■ **Task brief**: Give back exactly the line containing "2) car (915,529,965,575)" and all that follow it in the data below, with the pictures left out.

Records from a data collection

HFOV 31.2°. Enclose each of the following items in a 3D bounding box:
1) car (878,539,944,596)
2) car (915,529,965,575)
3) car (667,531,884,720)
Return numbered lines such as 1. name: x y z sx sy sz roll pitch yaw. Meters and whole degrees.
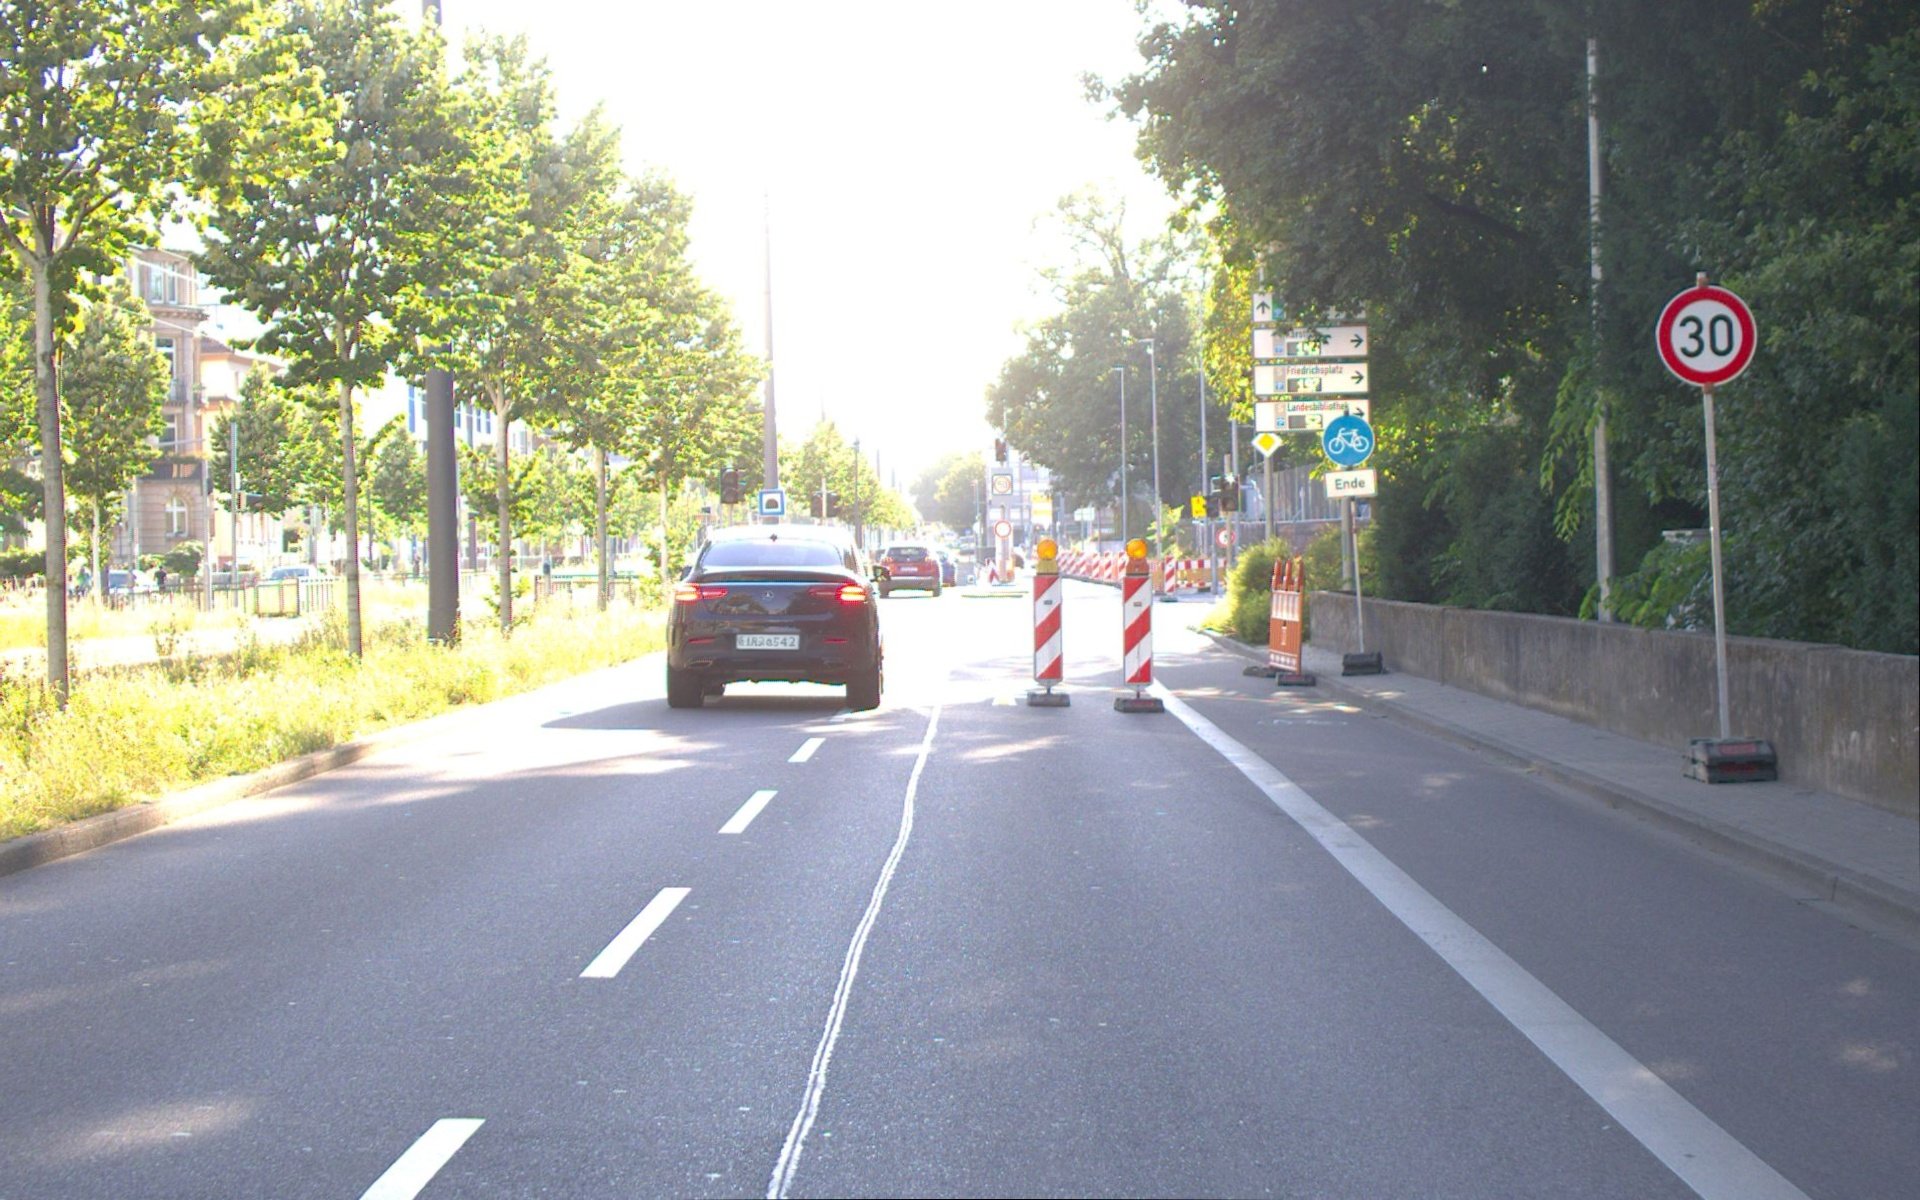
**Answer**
1. car: -1.428 -0.969 101.026 1.885 1.575 4.000 0 2 0
2. car: -0.737 -1.760 124.846 1.767 1.598 3.773 -1 1 0
3. car: -1.833 0.191 33.577 1.993 1.728 4.001 0 1 -4

■ **Response to this exercise**:
2) car (915,529,965,575)
3) car (667,531,884,720)
Return numbered lines such as 1. name: x y z sx sy sz roll pitch yaw. Meters and whole degrees.
**Answer**
1. car: -1.428 -0.969 101.026 1.885 1.575 4.000 0 2 0
2. car: -0.737 -1.760 124.846 1.767 1.598 3.773 -1 1 0
3. car: -1.833 0.191 33.577 1.993 1.728 4.001 0 1 -4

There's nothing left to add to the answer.